AVIUSA eMail News - December 2005
AVIUSA eMail News - Seyril Schochen

Seyril Schochen

Playwright, Matrimandir Worker, founder of Savitri House, Sri Aurobindo Learning Center, Advisor to International Yoga College and radiant being whose favorite line from "Savitri" was:

And laughter of the heart's sweetness and delight
Freed from the rude and tragic hold of Time,
And beauty and the rhythmic feet of the hours.

Marjorie Spalding lived on 88th Street and Park Avenue in New York City and had read Sri Aurobindo for years. It was through her that Seyril, who lived with her husband, Marty Rubin (who taught at NYU and pioneered the use of acupuncture in dentistry in the West) a couple of blocks away, found out about Sri Aurobindo and Mother and Auroville.

Seyril Schochen
Catherine, Seyril, and MM Worker Camp fellow Alumni Roger and Jack. (view full size)

Unlike others who may have been content to read and observe from afar, Seyril picked up and went to live in Auroville, first at Matrimandir and later with her friend, Eleanor at Verite. Jack Alexander tells the charming story of her early days at the Worker's Camp greeting him in the morning with her radiant smile while brushing her teeth and saying,"Truoooth"!

While older in years, she was always younger in spirit, constantly putting forward her dream of an ocean going university of young people who would travel to Auroville by sea.

She was dramatic in nature and wrote a number of plays, some of which were read during the All USA Meetings. In her early years, she was included in an anthology of the best one-act plays of 1939 and her set designer for "The Moon Besieged" on Broadway was Ming Cho Lee, who went on to become one of America's most celebrated with a long career at Yale University. In our circle, it was her play about "Nishta", the daughter of President Woodrow Wilson, who came to live at the Sri Aurobindo Ashram, that was the most popular.

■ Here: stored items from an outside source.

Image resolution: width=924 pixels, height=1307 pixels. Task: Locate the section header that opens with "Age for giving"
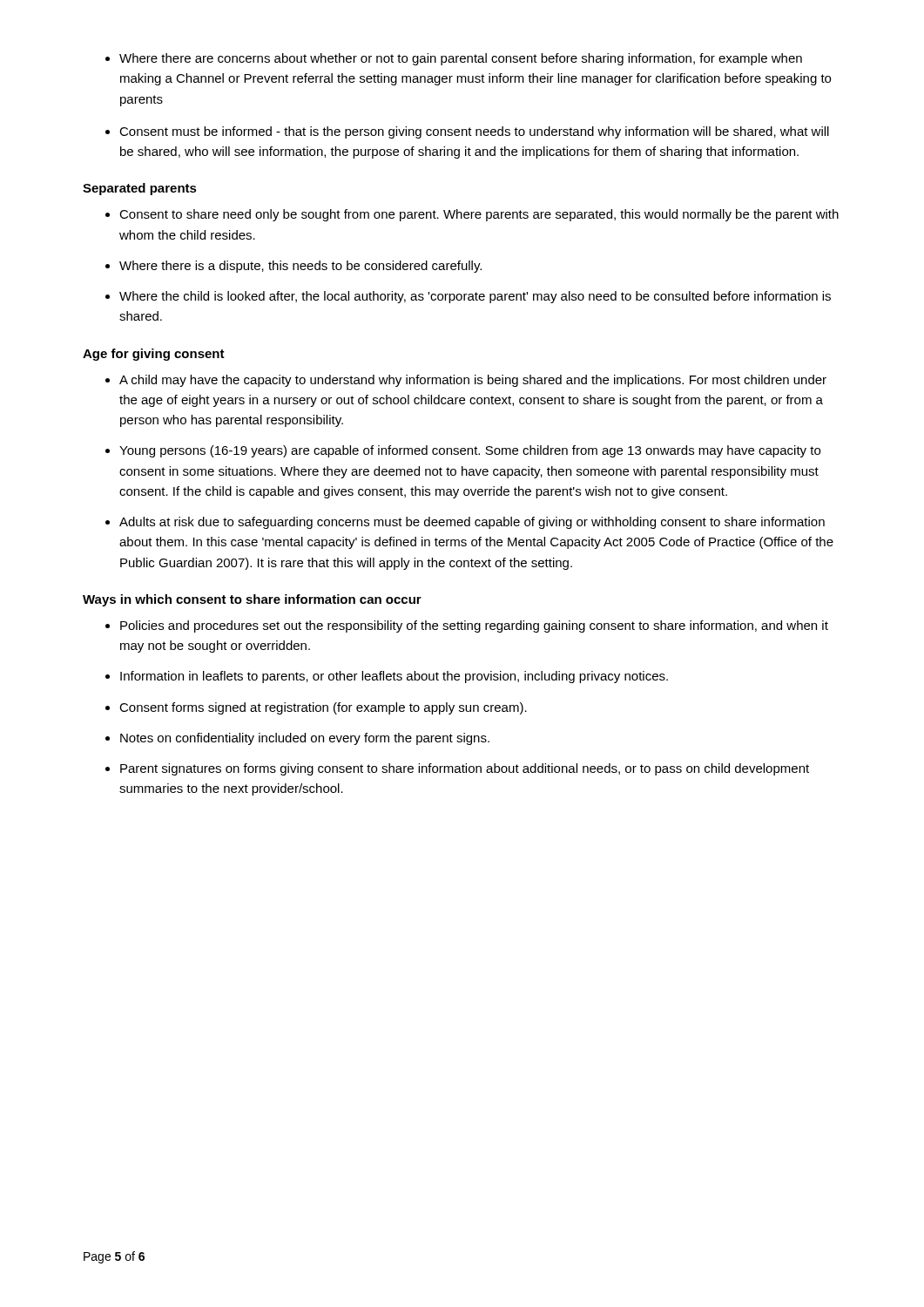153,353
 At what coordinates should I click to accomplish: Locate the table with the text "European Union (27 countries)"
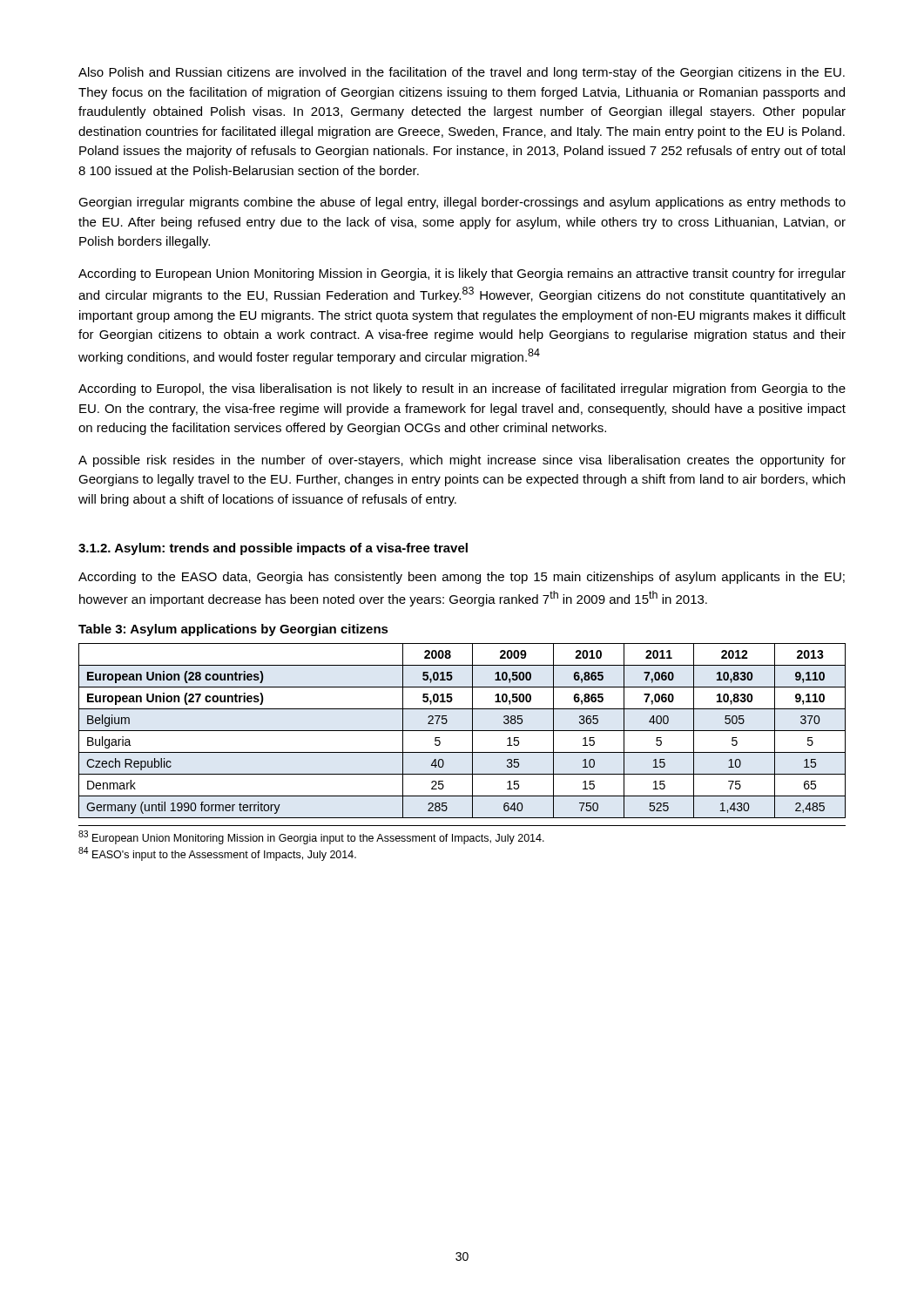pyautogui.click(x=462, y=731)
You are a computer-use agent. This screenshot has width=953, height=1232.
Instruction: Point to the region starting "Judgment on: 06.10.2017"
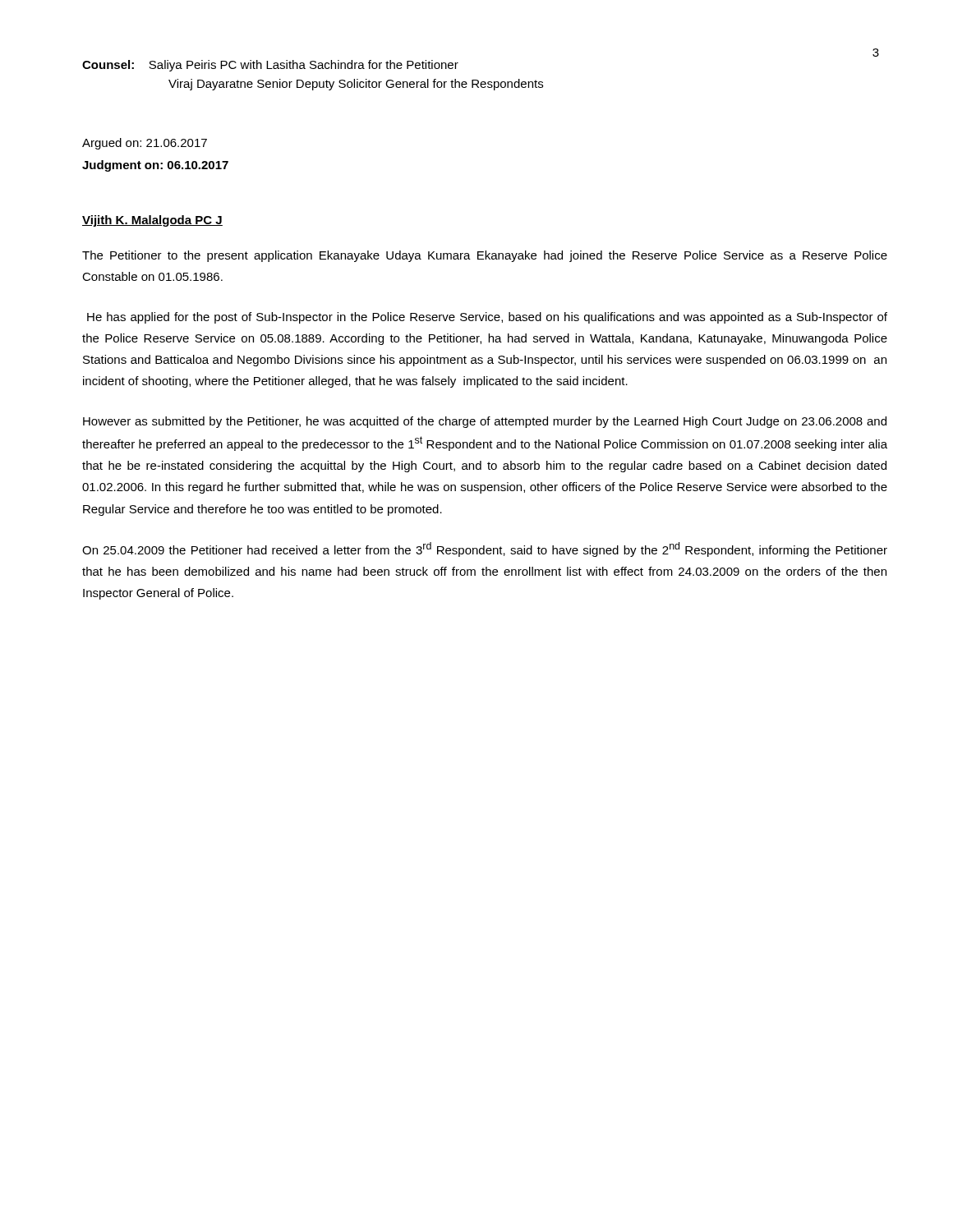pyautogui.click(x=155, y=165)
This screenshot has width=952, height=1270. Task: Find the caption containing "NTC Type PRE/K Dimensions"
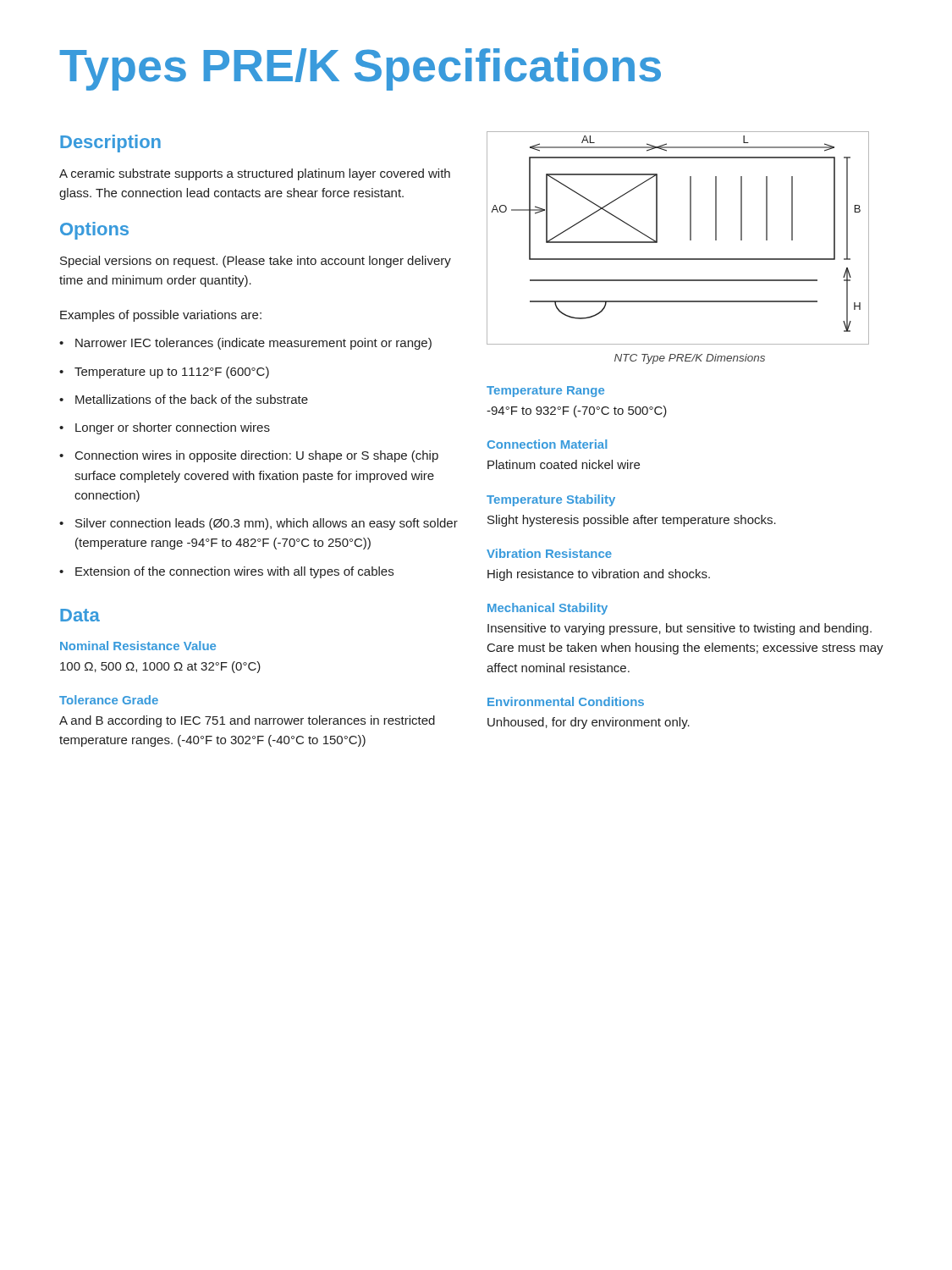pyautogui.click(x=690, y=358)

She was a good friend of Glenn Olds, the interfaith minister at Cornell, advisor to Presidents Johnson and Nixon, who visited Auroville and went on to become the President of Kent State University. She also led a delegation to the UN to meet with Under Secretary General Robert Muller.

Seyril spent her last years living in Crestone, Colorado, where Maurice and Hanne Strong had founded a community linking many faith traditions. June Maher and Rod Hemsell were among those who were closely connected to her work in Colorado. June remembered that over the many years she knew her, she never heard Seyril speak ill of anyone.

Seyril was fortunate to have Suzanne handle her correspondence and outreach and Pavita to look after her during her last months when she was bedridden and on oxygen. The Sri Aurobindo Learning Center, which Seyril founded, will continue on its mission.

Even to the last, Seyril was full of enthusiasm and dedicated to the Matrimandir. It was her custom to send a birthday greeting informing the person that a donation was being made in their name to Matrimandir. Hopefully this tradition will be carried on in her memory.

Seyril passed while listening to Mother's "Prayers and Meditations". Part of her ashes will remain in the Baca and part will come to Auroville.

Seyril is survived by her son, Dr. Peter Rubin, as well as grandchildren and great-grandchildren.